I am a 57 year old male who has discovered this site in roundabout way. I am completely at ease with my sexuality… except I’ve recently been trying to figure out what it is - in comparison to others.
I’ve just found out that I’m unusual.

I cannot be gay, since I have never had an erotic feeling about another male for a moment in my entire life, and suspect I never could for any amount of trying.
It appears that I cannot be bi-sexual, for the same reason.
I like being male. Only… I also want to be female. I adore the female body so much that I want to have one.

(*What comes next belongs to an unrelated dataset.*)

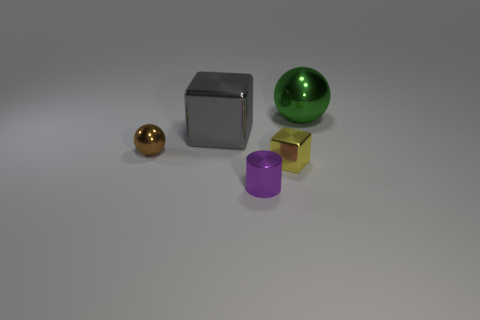Add 2 big blue rubber cubes. How many objects exist? 7 Subtract all spheres. How many objects are left? 3 Subtract all gray metal objects. Subtract all small yellow metallic objects. How many objects are left? 3 Add 3 yellow objects. How many yellow objects are left? 4 Add 4 large objects. How many large objects exist? 6 Subtract 0 green cylinders. How many objects are left? 5 
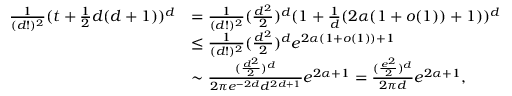Convert formula to latex. <formula><loc_0><loc_0><loc_500><loc_500>\begin{array} { r l } { \frac { 1 } { ( d ! ) ^ { 2 } } ( t + \frac { 1 } { 2 } d ( d + 1 ) ) ^ { d } } & { = \frac { 1 } { ( d ! ) ^ { 2 } } ( \frac { d ^ { 2 } } { 2 } ) ^ { d } ( 1 + \frac { 1 } { d } ( 2 \alpha ( 1 + o ( 1 ) ) + 1 ) ) ^ { d } } \\ & { \leq \frac { 1 } { ( d ! ) ^ { 2 } } ( \frac { d ^ { 2 } } { 2 } ) ^ { d } e ^ { 2 \alpha ( 1 + o ( 1 ) ) + 1 } } \\ & { \sim \frac { ( \frac { d ^ { 2 } } { 2 } ) ^ { d } } { 2 \pi e ^ { - 2 d } d ^ { 2 d + 1 } } e ^ { 2 \alpha + 1 } = \frac { ( \frac { e ^ { 2 } } { 2 } ) ^ { d } } { 2 \pi d } e ^ { 2 \alpha + 1 } , } \end{array}</formula>

Most of my life, having a female mate provided to me the object of my adoration. But, being now into my 6th year of a sexless marriage, I have become aware of an adaptation I’ve made. My wife of 20 years developed a hostility towards sex which is irreconcilable. So, instead of seeking divorce, I embrace my inner female.

This has not produced any major personal gender identity struggle that I’m aware of. When I’m feeling sexual and feminine at the same time, I totally want to be in the receiving role. Yet, other than for male genitals, I cannot find a male body attractive, let alone a typically male ego. Go figure.

Which brings me to this site. I have yet to find any other forum that seems to fit my particular slant. Everything else I’ve seen about feminization has to do with “forced” or “dominant” or sissification as a form of degradation or subservience. That is definitely not my world. Fem means love, and love means respect - in my world.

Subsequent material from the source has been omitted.